[PATCH 3/5] arm64: signal: Improve POR_EL0 handling to avoid uaccess failures
Kevin Brodsky
kevin.brodsky at arm.com
Tue Oct 22 05:34:09 PDT 2024
On 21/10/2024 15:43, Dave Martin wrote:
> On Mon, Oct 21, 2024 at 12:06:07PM +0200, Kevin Brodsky wrote:
>> On 17/10/2024 17:53, Dave Martin wrote:
>>> [...]
>>>> +/*
>>>> + * Save the unpriv access state into ua_state and reset it to disable any
>>>> + * restrictions.
>>>> + */
>>>> +static void save_reset_unpriv_access_state(struct unpriv_access_state *ua_state)
>>> Would _user_ be more consistent naming than _unpriv_ ?

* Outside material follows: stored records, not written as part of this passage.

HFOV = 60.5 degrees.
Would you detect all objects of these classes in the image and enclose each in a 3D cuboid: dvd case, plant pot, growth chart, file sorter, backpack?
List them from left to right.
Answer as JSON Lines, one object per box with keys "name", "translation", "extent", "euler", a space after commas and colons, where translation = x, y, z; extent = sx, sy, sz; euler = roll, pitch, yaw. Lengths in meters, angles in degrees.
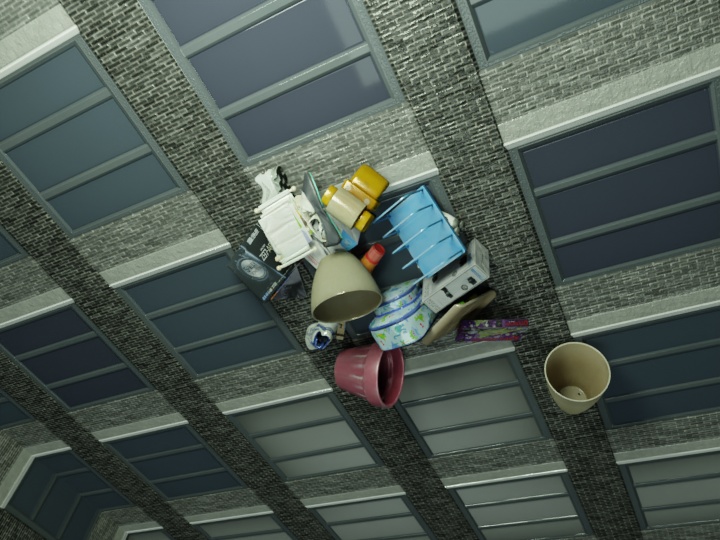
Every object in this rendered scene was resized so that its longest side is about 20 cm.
{"name": "dvd case", "translation": [-0.252, 0.006, 1.843], "extent": [0.145, 0.016, 0.203], "euler": [-4, 128, 14]}
{"name": "growth chart", "translation": [-0.189, -0.110, 1.625], "extent": [0.142, 0.018, 0.203], "euler": [-22, 117, -2]}
{"name": "plant pot", "translation": [0.022, 0.320, 1.952], "extent": [0.176, 0.202, 0.202], "euler": [1, 132, 30]}
{"name": "backpack", "translation": [0.112, 0.127, 1.755], "extent": [0.181, 0.200, 0.149], "euler": [-23, 104, 28]}
{"name": "file sorter", "translation": [0.145, -0.086, 1.568], "extent": [0.138, 0.122, 0.202], "euler": [-36, 84, 33]}
{"name": "plant pot", "translation": [0.649, 0.352, 1.875], "extent": [0.183, 0.190, 0.202], "euler": [-2, 144, 12]}

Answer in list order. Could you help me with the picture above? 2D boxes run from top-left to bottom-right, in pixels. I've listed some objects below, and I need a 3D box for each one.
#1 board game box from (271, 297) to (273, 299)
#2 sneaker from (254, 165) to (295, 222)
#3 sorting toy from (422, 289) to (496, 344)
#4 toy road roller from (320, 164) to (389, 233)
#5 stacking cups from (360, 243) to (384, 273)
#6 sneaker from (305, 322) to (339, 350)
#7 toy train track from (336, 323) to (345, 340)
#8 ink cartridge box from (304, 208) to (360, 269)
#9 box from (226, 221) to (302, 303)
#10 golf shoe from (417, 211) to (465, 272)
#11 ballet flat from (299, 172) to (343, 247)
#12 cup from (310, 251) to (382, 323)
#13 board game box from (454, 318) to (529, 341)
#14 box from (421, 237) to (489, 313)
{"name": "board game box", "translation": [-0.256, -0.002, 1.813], "extent": [0.102, 0.020, 0.200], "euler": [32, 128, -13]}
{"name": "sneaker", "translation": [-0.219, -0.177, 1.651], "extent": [0.087, 0.075, 0.203], "euler": [-11, 117, 19]}
{"name": "sorting toy", "translation": [0.279, 0.128, 1.767], "extent": [0.037, 0.198, 0.186], "euler": [53, 130, 20]}
{"name": "toy road roller", "translation": [-0.004, -0.185, 1.530], "extent": [0.122, 0.200, 0.147], "euler": [35, 98, 3]}
{"name": "stacking cups", "translation": [0.000, 0.000, 1.770], "extent": [0.060, 0.061, 0.201], "euler": [26, 125, -12]}
{"name": "sneaker", "translation": [-0.134, 0.210, 1.928], "extent": [0.074, 0.089, 0.200], "euler": [29, 140, -7]}
{"name": "toy train track", "translation": [-0.059, 0.149, 1.915], "extent": [0.112, 0.033, 0.203], "euler": [9, 131, 3]}
{"name": "ink cartridge box", "translation": [-0.109, -0.081, 1.711], "extent": [0.198, 0.067, 0.116], "euler": [-32, 118, 31]}
{"name": "box", "translation": [-0.273, -0.024, 1.751], "extent": [0.160, 0.044, 0.200], "euler": [45, 127, 1]}
{"name": "golf shoe", "translation": [0.197, -0.080, 1.663], "extent": [0.094, 0.078, 0.201], "euler": [39, 129, 4]}
{"name": "ballet flat", "translation": [-0.114, -0.147, 1.578], "extent": [0.072, 0.073, 0.203], "euler": [-19, 106, 25]}
{"name": "cup", "translation": [-0.050, 0.036, 1.678], "extent": [0.196, 0.146, 0.201], "euler": [-12, 154, -6]}
{"name": "board game box", "translation": [0.383, 0.176, 1.809], "extent": [0.195, 0.033, 0.120], "euler": [-1, 159, -2]}
{"name": "box", "translation": [0.259, 0.015, 1.691], "extent": [0.060, 0.118, 0.199], "euler": [37, 127, -21]}
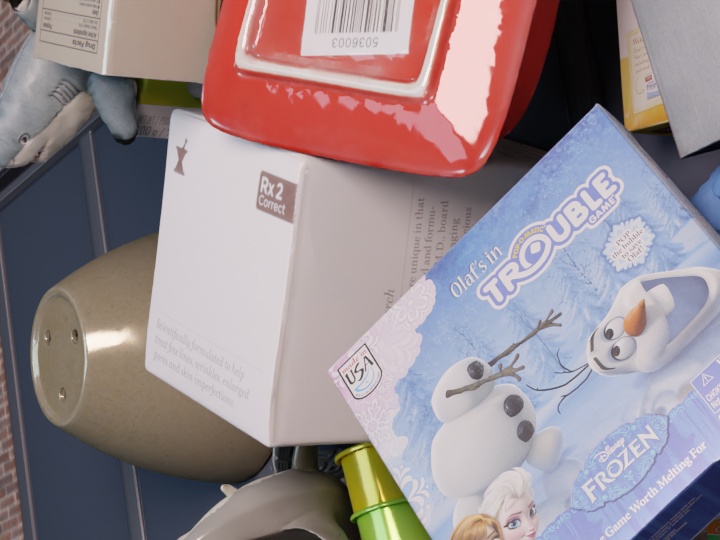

>> I did ponder on the naming. I considered user_access/uaccess instead of
>> unpriv_access, but my concern is that it might imply that only uaccess
>> is concerned, while in reality loads/stores that userspace itself
>> executes are impacted too. I thought using the "unpriv" terminology from
>> the Arm ARM (used for stage 1 permissions) might avoid such
>> misunderstanding. I'm interested to hear opinions on this, maybe
>> accuracy sacrifices readability.
> "user_access" seemed natural to me: it parses equally as "[user
> access]" (i.e., uaccess) and "[user] access" (i.e., access by, to, or
> on behalf of user(space)).
>
> Introducing an architectural term when there is already a generic OS
> and Linux kernel term that means the right thing seemed not to improve
> readability, but I guess it's a matter of opinion.
Both good points. "user_access" seems to strike the right balance, plus
it's slightly shorter. Will switch to that naming in v2.